▶ _ABOUT THIS TASK_: In the records that follow, find each line containing "from" and copy it.

INPUT FOR THIS TASK START

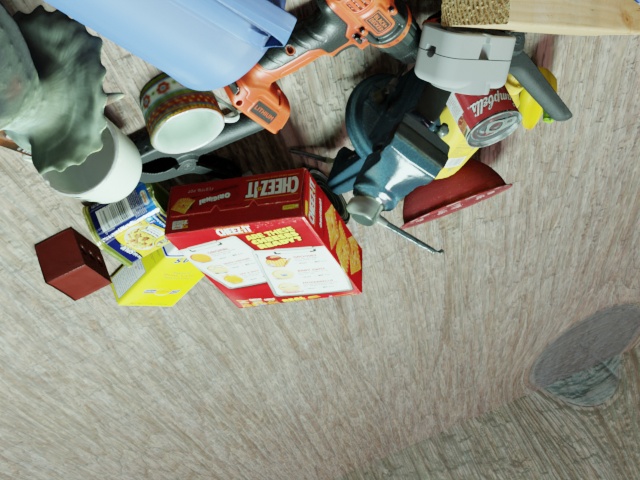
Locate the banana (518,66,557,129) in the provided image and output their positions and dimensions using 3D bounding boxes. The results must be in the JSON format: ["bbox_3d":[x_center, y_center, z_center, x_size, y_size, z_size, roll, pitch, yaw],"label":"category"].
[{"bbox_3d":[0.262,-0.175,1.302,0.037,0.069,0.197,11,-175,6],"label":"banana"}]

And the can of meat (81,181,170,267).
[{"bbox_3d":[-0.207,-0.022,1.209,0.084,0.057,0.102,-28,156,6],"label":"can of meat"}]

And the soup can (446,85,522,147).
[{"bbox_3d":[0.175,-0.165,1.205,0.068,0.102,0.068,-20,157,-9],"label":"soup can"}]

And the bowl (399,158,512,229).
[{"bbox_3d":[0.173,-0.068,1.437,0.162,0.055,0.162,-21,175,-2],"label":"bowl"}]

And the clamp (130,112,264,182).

INPUT FOR THIS TASK END
INPUT FOR THIS TASK START

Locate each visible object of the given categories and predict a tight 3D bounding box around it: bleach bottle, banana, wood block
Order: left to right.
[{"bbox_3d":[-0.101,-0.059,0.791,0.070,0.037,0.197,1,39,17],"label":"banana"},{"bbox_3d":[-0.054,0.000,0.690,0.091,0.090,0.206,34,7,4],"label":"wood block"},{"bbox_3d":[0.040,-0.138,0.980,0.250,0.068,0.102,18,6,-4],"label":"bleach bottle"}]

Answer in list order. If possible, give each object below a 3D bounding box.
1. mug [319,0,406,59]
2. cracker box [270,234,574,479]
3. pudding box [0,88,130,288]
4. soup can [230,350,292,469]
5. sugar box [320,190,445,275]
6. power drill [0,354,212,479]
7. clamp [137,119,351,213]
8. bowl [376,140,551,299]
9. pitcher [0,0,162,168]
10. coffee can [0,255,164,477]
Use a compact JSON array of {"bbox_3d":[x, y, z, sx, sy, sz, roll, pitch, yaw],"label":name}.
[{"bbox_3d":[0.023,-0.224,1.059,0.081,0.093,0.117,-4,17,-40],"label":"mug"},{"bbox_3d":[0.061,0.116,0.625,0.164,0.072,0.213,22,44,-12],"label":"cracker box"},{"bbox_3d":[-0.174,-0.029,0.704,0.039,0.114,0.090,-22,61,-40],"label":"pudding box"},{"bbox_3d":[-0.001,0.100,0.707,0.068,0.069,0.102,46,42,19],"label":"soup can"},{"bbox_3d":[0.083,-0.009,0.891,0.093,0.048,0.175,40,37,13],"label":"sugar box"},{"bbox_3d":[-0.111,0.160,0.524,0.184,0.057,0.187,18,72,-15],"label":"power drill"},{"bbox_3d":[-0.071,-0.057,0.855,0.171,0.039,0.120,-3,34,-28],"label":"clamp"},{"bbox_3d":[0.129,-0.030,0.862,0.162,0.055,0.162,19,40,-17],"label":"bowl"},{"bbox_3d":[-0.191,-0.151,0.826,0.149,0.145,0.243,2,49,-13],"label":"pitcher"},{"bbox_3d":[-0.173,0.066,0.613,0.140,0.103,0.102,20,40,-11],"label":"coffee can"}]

INPUT FOR THIS TASK END
INPUT FOR THIS TASK START

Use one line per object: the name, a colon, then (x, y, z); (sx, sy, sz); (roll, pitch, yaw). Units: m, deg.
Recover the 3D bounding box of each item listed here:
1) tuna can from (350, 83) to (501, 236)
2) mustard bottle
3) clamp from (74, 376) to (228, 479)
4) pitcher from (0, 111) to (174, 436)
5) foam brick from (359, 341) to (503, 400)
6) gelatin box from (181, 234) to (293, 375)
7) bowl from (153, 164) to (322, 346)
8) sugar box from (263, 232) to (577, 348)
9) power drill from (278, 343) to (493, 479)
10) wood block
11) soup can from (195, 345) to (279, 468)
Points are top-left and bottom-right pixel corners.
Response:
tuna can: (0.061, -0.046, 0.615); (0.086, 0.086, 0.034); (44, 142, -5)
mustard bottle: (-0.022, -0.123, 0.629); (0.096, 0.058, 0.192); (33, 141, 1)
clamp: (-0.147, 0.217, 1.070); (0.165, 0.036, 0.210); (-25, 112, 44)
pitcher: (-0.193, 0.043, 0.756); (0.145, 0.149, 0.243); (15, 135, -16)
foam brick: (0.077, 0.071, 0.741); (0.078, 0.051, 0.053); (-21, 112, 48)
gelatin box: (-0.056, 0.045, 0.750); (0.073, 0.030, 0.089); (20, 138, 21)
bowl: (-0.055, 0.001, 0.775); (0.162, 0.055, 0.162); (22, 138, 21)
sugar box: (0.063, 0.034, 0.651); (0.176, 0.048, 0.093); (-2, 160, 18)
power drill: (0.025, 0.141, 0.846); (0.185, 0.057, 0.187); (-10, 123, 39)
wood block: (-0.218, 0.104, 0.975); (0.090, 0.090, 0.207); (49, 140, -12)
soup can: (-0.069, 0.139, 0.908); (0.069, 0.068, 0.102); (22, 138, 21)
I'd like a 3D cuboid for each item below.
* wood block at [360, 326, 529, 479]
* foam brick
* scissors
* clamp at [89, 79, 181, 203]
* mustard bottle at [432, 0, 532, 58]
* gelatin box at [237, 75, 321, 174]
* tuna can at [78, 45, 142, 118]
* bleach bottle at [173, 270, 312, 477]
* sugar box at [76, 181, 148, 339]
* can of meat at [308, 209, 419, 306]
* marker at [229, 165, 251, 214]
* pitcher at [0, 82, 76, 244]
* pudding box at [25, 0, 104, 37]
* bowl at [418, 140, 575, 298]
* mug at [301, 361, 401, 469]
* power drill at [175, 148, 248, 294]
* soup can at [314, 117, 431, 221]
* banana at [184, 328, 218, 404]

INPUT FOR THIS TASK END

▶ _WRITTEN ANSWER_:
1) tuna can from (350, 83) to (501, 236)
3) clamp from (74, 376) to (228, 479)
4) pitcher from (0, 111) to (174, 436)
5) foam brick from (359, 341) to (503, 400)
6) gelatin box from (181, 234) to (293, 375)
7) bowl from (153, 164) to (322, 346)
8) sugar box from (263, 232) to (577, 348)
9) power drill from (278, 343) to (493, 479)
11) soup can from (195, 345) to (279, 468)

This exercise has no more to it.